I noticed some rust on the bottom of my water heater.

Just a little bit all the way around, and then a couple spots have about a half inch of paint bubbling, some I'm guessing its rusted behind the paint.

Is this bad? Or is there a liner inside anyway and I don't have to worry about leaking?

Im not sure how old it is, but the energy saver sticker references 1994, so it either from that year or after.

TIA


----------



## Termite (Apr 13, 2008)

It could be rusting through, but it could very well be rust due to drips or humidity or (flooding?). Might be worth checking the anode rod in the tank to see if it is all gone. 10 years is probably a fair life for a water heater these days, depending on water and maintenance of course. If yours is 15 it might be time to replace it. Its a fun and fairly easy DIY job.


----------



## abefroman (Jan 18, 2009)

thekctermite said:


> It could be rusting through, but it could very well be rust due to drips or humidity or (flooding?). Might be worth checking the anode rod in the tank to see if it is all gone. 10 years is probably a fair life for a water heater these days, depending on water and maintenance of course. If yours is 15 it might be time to replace it. Its a fun and fairly easy DIY job.
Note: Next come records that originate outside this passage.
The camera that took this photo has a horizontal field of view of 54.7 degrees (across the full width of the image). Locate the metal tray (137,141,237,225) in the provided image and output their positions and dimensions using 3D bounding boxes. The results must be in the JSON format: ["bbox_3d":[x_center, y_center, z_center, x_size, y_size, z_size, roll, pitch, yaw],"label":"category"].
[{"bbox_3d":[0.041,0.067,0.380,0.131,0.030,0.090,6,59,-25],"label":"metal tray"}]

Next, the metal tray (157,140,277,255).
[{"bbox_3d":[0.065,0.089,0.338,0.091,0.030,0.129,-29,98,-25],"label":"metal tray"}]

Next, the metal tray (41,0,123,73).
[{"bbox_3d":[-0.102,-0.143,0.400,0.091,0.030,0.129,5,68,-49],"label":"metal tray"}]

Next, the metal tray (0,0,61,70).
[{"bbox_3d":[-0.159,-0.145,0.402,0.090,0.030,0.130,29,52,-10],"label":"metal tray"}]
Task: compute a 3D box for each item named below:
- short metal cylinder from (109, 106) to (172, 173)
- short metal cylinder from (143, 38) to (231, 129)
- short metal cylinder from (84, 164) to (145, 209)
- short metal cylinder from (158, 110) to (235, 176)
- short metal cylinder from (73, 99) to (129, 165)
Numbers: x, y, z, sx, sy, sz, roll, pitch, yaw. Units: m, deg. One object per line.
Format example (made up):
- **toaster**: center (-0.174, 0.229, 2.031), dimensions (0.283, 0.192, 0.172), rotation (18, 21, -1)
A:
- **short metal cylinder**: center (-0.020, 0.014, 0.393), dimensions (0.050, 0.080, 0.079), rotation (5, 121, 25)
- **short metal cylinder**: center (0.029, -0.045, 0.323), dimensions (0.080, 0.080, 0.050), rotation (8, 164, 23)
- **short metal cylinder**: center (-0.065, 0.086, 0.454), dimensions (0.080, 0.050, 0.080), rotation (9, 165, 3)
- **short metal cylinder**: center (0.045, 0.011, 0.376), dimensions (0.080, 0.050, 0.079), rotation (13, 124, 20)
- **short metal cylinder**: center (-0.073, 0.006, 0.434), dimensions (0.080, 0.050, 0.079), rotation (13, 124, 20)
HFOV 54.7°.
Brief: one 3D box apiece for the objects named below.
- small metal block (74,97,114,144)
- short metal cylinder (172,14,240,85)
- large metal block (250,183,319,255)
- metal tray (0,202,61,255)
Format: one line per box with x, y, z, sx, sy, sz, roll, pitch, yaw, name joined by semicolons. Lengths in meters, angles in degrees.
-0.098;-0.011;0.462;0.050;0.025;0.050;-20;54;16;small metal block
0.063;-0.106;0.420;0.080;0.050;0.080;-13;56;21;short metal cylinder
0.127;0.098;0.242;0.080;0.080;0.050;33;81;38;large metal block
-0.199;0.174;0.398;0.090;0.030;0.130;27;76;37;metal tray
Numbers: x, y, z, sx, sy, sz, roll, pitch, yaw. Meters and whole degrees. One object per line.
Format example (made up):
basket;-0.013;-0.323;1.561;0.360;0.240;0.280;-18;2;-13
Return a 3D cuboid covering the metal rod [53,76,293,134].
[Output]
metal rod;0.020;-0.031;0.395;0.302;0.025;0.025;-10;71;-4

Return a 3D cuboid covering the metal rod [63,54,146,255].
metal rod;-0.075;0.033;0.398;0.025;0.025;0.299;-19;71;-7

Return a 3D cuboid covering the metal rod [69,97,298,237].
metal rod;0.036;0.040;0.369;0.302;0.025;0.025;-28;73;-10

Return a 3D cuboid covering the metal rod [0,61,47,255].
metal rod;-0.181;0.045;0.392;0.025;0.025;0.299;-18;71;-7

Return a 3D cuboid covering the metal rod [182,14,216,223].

Thanks! Is the year on the energy save sticker pretty much within a couple years of how old it is? It says "Based on 1994 US Goverment national average cost."


----------



## Termite (Apr 13, 2008)

Hmmm...Can't answer that for you. Wish I knew. Guess it depends on how often they update the gov't standards.


----------



## AllanJ (Nov 24, 2007)

Rust on the outside does not necessarily mean the tank is rusted through.

Dampness in a basement will result in metal things rusting. Since moisture often comes through the floor or walls, objects or parts of objects near the floor or wall are likely to rust first.

Toilet paper is particularly good at soaking up small amounts of water and showing a visible mark revealing that the water was present.

A typical hot water tank has a liner inside but that usually develops cracks long before before the tank itself may rust through.


----------